後ろからミヤさんに支えられて、呆然としていた。


 殴られたのなんて、生まれて初めてだったから。どう思えばいいのかまったくわからない。


「俺たちは命をかけて戦ってるんだ。姉ちゃんの説得したいだけなら、戦場に出てくるんじゃねぇ。あんな女、俺ならすぐにやっつけてやれるんだ。それをおまえはなぁっ」

「トラオ。そのくらいにしなよ。アキラくんの気持ちもくんであげなよ」


 嫌だね、とトラオさんが声を荒げた。


「俺はもう、仲間が死ぬ場面を見たくないんだ。それに自分の命も大事なんでね」


 あらためてトラオさんに胸ぐらをつかまれる。


「いいか? おまえはもう05(ゼロゴー)には乗るな。相手の戦力もわからないのに足手まといはごめんだ」


 だけど……、と僕は静かに囁いた。


「ゼロゴーに乗れるのは僕しかいないでしょう?」

「だからだ。こんなの、プログラムを変えれば誰が乗ってもおなじになるんだ。自分だけが特別だと思わないことだな」


 それでもまだ、言い足りないと見えて、トラオさんは息を吐き出す。


「とにかく、おまえは懲罰房行きだ。ヘルメットをかぶったらテリーに懲罰房へ連れて行ってもらえ」


 くそっ、と乱暴に吐き捨てると、トラオさんはシャワールームの方へ足早に去って行った。


「アキラくん」


 ミヤさんが僕を見ている。


「お姉ちゃんと戦えるって言ったわよね? だからわたし、あなたにマイクのこと話したのに」


 ミヤさんにまで吐き捨てられた。


「そんじゃま、懲罰房へ行くとするか」


 スーツを脱ぐよりも早く、ヘルメットをかぶり直した僕を、テリーさんは懲罰房へと連行した。
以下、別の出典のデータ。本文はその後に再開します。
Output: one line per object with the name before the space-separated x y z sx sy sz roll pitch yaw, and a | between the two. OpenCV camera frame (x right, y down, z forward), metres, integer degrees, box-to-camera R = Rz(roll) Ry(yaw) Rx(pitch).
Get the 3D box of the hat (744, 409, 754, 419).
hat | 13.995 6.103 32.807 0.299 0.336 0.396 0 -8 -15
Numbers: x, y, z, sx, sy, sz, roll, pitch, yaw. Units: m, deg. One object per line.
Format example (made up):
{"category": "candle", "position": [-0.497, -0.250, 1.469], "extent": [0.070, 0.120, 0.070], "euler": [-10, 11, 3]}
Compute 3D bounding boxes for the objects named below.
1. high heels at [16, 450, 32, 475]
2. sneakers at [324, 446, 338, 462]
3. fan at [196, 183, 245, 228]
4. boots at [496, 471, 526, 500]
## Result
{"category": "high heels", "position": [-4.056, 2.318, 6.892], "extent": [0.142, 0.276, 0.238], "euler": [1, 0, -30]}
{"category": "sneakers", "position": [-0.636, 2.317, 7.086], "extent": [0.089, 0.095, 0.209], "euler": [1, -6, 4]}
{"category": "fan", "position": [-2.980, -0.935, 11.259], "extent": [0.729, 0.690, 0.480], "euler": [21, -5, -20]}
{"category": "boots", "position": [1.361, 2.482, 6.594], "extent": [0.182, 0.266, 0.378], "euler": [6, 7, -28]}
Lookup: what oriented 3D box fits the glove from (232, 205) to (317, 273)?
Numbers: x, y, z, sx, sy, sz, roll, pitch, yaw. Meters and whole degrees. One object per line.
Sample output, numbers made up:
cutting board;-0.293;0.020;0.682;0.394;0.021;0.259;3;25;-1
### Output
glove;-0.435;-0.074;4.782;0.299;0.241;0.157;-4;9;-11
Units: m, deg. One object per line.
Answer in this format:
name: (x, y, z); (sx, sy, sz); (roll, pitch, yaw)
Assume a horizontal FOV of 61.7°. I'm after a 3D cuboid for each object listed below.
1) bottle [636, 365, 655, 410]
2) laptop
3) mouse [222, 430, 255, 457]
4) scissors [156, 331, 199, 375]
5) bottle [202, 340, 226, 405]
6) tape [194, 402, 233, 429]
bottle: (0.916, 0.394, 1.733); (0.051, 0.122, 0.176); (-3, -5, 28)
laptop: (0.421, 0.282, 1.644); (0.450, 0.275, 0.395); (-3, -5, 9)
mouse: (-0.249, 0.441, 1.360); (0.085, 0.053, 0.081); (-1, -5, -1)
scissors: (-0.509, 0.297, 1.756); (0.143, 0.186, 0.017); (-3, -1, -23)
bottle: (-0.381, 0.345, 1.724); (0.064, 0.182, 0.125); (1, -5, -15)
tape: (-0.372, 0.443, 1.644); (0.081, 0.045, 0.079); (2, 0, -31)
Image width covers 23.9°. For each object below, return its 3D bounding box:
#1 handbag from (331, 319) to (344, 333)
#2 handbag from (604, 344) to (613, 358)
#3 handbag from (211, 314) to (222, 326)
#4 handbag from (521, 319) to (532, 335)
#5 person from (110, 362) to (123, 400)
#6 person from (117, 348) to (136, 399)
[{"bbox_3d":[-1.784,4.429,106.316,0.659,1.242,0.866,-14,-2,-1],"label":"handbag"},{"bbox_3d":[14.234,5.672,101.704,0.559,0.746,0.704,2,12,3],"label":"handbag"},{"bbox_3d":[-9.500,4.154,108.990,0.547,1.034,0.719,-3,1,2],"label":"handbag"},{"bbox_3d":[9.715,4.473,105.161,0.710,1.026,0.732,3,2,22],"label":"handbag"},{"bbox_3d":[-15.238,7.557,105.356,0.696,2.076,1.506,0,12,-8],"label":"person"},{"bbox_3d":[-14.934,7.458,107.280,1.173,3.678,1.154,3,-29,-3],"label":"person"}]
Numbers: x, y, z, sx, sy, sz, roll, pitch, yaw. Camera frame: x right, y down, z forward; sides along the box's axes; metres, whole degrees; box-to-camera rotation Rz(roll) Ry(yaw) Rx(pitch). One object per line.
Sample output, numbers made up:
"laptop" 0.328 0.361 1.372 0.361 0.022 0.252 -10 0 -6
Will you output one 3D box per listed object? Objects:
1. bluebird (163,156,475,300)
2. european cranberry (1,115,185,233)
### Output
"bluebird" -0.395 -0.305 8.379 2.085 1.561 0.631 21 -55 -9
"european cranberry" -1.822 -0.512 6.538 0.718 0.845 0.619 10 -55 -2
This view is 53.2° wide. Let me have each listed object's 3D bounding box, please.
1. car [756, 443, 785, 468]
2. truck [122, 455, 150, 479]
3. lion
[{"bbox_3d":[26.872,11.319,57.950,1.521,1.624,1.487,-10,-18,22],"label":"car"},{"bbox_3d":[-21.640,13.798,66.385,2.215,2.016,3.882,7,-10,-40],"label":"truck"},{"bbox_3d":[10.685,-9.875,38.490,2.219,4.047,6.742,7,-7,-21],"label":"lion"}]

 だって、お姉ちゃん弱かったから。すごく普通の女の子みたいだったから。


 だから、説得できると思っちゃったんだ。


 それなのに叱られるだなんて。


 あのままだったら、お姉ちゃんはトラオさんにやっつけられてしまっただろう。


 そんなの、見ていられない。


「ほれ、入れよ」


 僕は薄暗い懲罰房に入った。中には便器とベッドがあるだけだった。


 バタンと乱暴にドアが閉められ、鍵をかける音がする。


 これが、懲罰房か。


 初めてのことがたくさんあるのに、こんなのはごめんだ。


 確かに、今回は犠牲者が出なかった。だけど、でも。じゃあ僕にお姉ちゃんを殺せって言うの?


 僕をタケノコに乗せてくれたお姉ちゃんを裏切れと?


 だけど、わかってもいるんだ。


 お姉ちゃんは宇宙に僕を捨てたんたってことを。


 そのことをしっかり考えなくちゃいけないってことも。